According to the president of the flight school, the accident pilot continued his enrollment at the flight school, working to obtain a commercial helicopter certificate, a helicopter instrument rating, a helicopter flight instructor certificate (CFI), and a helicopter flight instructor certificate for instruments (CFII). However, the president reported that the accident pilot's overall performance was poor, and that he had a series of failed phase checks, which slowed his advancement. He noted that the accident pilot struggled academically, requiring an exceptional amount of ground instruction, and still displayed an overall knowledge shortfall.

On May 29, 2004, the accident pilot successfully completed a check ride for a commercial helicopter certificate, as well as a helicopter instrument rating. The two check rides were conducted concurrently, and were performed at the flight school's Long Beach location. The flight school's DPE assigned to that location performed the check rides.

On September 25, 2004, the accident pilot failed his initial CFI check ride. The check ride was conducted at the flight school's Long Beach training facility. The flight school's DPE assigned to that location performed the check ride. According to FAA records, the accident pilot obtained an additional 2.0 hours of helicopter flight instruction, and passed a second check ride with the same DPE on September 27, 2004.

During an interview with the NTSB IIC on February 24, the president of the flight school reported that after the accident pilot obtained his commercial helicopter certificate, helicopter instrument rating, and certified flight instructor's (CFI) certificate, he continued working towards obtaining a certified flight instructor-instrument (CFII) certificate.
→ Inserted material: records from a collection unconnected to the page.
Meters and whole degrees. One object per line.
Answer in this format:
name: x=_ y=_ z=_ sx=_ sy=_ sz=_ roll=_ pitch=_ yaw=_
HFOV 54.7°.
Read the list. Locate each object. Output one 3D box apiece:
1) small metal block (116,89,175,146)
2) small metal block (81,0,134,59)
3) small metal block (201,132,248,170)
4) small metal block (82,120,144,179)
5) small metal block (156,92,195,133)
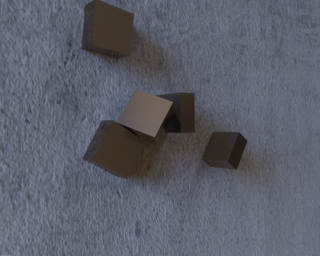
small metal block: x=-0.016 y=-0.013 z=0.373 sx=0.050 sy=0.050 sz=0.025 roll=-63 pitch=163 yaw=-22
small metal block: x=-0.060 y=-0.112 z=0.356 sx=0.050 sy=0.025 sz=0.050 roll=7 pitch=86 yaw=-40
small metal block: x=0.098 y=0.034 z=0.474 sx=0.025 sy=0.050 sz=0.050 roll=40 pitch=65 yaw=-33
small metal block: x=-0.053 y=0.025 z=0.362 sx=0.050 sy=0.025 sz=0.050 roll=36 pitch=68 yaw=-34
small metal block: x=0.019 y=-0.019 z=0.406 sx=0.025 sy=0.050 sz=0.050 roll=-2 pitch=92 yaw=-40
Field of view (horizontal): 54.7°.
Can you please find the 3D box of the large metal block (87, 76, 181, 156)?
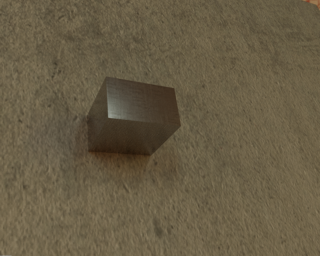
[{"bbox_3d":[-0.034,-0.009,0.357,0.081,0.080,0.050,6,59,-26],"label":"large metal block"}]
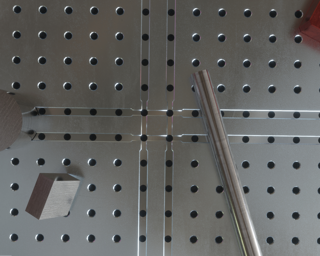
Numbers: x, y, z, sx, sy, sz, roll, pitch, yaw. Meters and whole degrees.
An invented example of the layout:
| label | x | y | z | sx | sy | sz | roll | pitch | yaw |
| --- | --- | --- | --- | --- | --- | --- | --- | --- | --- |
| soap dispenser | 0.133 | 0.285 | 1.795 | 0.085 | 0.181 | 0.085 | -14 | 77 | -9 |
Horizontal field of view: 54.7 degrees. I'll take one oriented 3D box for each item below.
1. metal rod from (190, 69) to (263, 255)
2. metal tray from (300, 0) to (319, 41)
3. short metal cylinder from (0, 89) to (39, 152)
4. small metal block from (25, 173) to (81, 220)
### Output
| label | x | y | z | sx | sy | sz | roll | pitch | yaw |
| --- | --- | --- | --- | --- | --- | --- | --- | --- | --- |
| metal rod | 0.094 | 0.069 | 0.413 | 0.025 | 0.025 | 0.298 | -16 | 90 | 0 |
| metal tray | 0.269 | -0.144 | 0.412 | 0.130 | 0.030 | 0.090 | 28 | 90 | 0 |
| short metal cylinder | -0.207 | -0.009 | 0.399 | 0.081 | 0.050 | 0.080 | 0 | 90 | 0 |
| small metal block | -0.136 | 0.086 | 0.397 | 0.025 | 0.050 | 0.050 | 21 | 90 | 25 |
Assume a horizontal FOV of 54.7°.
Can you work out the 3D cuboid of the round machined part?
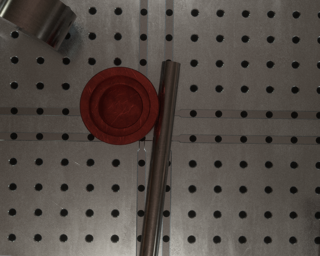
[{"bbox_3d":[-0.050,-0.027,0.404,0.099,0.042,0.097,0,90,0],"label":"round machined part"}]

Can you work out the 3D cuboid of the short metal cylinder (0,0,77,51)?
[{"bbox_3d":[-0.152,-0.139,0.384,0.080,0.080,0.050,29,90,-1],"label":"short metal cylinder"}]

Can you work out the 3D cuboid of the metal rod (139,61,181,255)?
[{"bbox_3d":[-0.002,0.061,0.413,0.025,0.025,0.298,7,90,-1],"label":"metal rod"}]
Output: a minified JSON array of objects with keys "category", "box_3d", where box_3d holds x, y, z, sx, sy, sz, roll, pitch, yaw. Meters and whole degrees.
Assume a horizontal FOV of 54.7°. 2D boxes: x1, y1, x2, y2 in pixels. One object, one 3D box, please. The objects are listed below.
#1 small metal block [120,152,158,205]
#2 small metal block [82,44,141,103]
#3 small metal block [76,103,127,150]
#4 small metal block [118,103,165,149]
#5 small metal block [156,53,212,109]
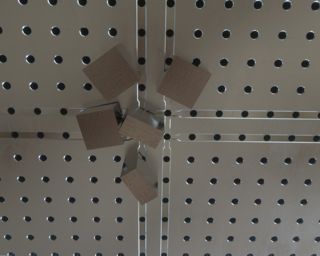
[{"category":"small metal block","box_3d":[-0.027,0.068,0.425,0.025,0.050,0.050,-31,108,10]},{"category":"small metal block","box_3d":[-0.059,-0.069,0.387,0.050,0.025,0.050,-33,107,11]},{"category":"small metal block","box_3d":[-0.076,-0.002,0.409,0.050,0.025,0.050,-9,110,9]},{"category":"small metal block","box_3d":[-0.022,-0.003,0.399,0.050,0.050,0.025,26,108,-10]},{"category":"small metal block","box_3d":[0.029,-0.059,0.392,0.050,0.025,0.050,26,108,-10]}]
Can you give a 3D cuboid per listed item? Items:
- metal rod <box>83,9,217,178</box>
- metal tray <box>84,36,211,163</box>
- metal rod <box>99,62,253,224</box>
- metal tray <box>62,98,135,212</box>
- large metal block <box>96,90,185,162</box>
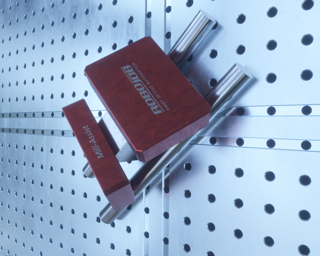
[{"bbox_3d":[-0.029,-0.030,0.431,0.298,0.025,0.025,-50,61,28],"label":"metal rod"},{"bbox_3d":[-0.016,-0.037,0.350,0.090,0.030,0.130,-30,64,-12],"label":"metal tray"},{"bbox_3d":[0.005,0.037,0.404,0.299,0.025,0.025,-49,61,28],"label":"metal rod"},{"bbox_3d":[-0.078,0.036,0.401,0.130,0.030,0.090,57,166,24],"label":"metal tray"},{"bbox_3d":[-0.025,-0.003,0.392,0.080,0.081,0.050,-49,61,28],"label":"large metal block"}]
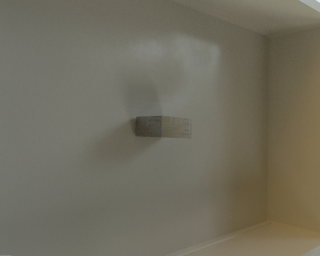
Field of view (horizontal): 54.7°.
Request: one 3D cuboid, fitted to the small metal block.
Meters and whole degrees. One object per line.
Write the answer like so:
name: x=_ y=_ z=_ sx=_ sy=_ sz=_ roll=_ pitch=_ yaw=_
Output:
small metal block: x=0.005 y=-0.001 z=0.392 sx=0.050 sy=0.050 sz=0.025 roll=4 pitch=87 yaw=-40
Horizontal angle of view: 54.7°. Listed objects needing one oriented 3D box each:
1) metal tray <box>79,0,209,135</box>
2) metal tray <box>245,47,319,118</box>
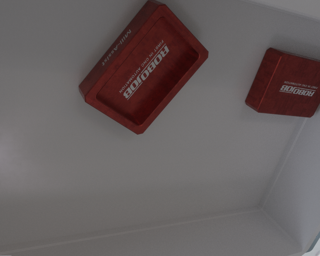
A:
[{"bbox_3d":[-0.017,-0.065,0.355,0.130,0.030,0.090,-49,129,7],"label":"metal tray"},{"bbox_3d":[0.202,-0.065,0.475,0.131,0.030,0.089,3,117,-30],"label":"metal tray"}]
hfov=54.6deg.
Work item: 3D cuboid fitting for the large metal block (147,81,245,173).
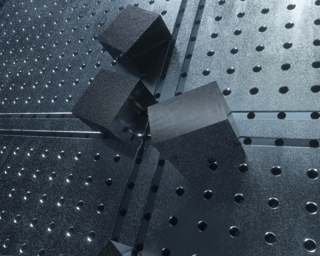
[{"bbox_3d":[0.042,0.003,0.350,0.080,0.080,0.050,-20,54,16],"label":"large metal block"}]

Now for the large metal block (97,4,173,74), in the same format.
[{"bbox_3d":[-0.041,-0.146,0.505,0.080,0.050,0.080,34,81,38],"label":"large metal block"}]

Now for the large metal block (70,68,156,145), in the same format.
[{"bbox_3d":[-0.067,-0.033,0.449,0.080,0.050,0.080,21,73,36],"label":"large metal block"}]

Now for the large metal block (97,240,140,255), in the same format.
[{"bbox_3d":[-0.041,0.174,0.308,0.080,0.050,0.080,-50,51,-7],"label":"large metal block"}]
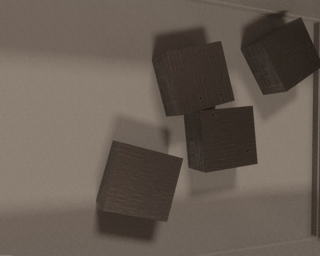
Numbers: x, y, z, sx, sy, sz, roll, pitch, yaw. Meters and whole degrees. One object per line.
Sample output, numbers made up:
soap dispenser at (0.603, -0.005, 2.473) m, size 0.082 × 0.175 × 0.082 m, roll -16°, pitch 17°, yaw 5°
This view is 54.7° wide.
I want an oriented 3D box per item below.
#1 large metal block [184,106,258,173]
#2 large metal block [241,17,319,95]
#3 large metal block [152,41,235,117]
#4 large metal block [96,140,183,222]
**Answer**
large metal block at (0.083, 0.013, 0.429) m, size 0.081 × 0.050 × 0.079 m, roll -6°, pitch 92°, yaw -20°
large metal block at (0.183, -0.106, 0.467) m, size 0.080 × 0.050 × 0.080 m, roll -33°, pitch 101°, yaw -17°
large metal block at (0.044, -0.064, 0.415) m, size 0.081 × 0.050 × 0.080 m, roll -16°, pitch 96°, yaw -20°
large metal block at (-0.026, 0.065, 0.389) m, size 0.081 × 0.050 × 0.080 m, roll 17°, pitch 84°, yaw -20°

The flight school's president reported that historically, students that successfully complete the CFI and CFII programs are offered employment with the flight school as helicopter flight instructors. He said that the accident pilot expressed an open interest in working for the flight school once he obtained the required certificates, and he continued to work towards completion of a CFII certificate. The flight school president said that after reviewing the pilot's past performance, and while closely monitoring his recent progress, he, along with other senior flight school management personnel, collectively decided not to offer the pilot a position. Additionally, the group elected to discontinue any further flight-training activities with the accident pilot citing serious safety issues and concerns. In an interoffice memo dated October 4, 2004, the president summarized comments about the accident pilot that were provided by flight school personnel. The memo states, in part: "Over confident. Thinks he is much better than he is. RED FLAG. Gets overloaded and freezes. Unable to recover from overload. Dangerous in this situation because he isn't able to collect himself and figure out what to do next. Lack of reality about own performance." In an undated, hand written notation in the upper right hand corner of the memo, it states: "Post CFI check ride, 9/27 and retest on 9/28, was not recommended for CFII check ride - Unable to meet PTS [practical training standards] - consistently."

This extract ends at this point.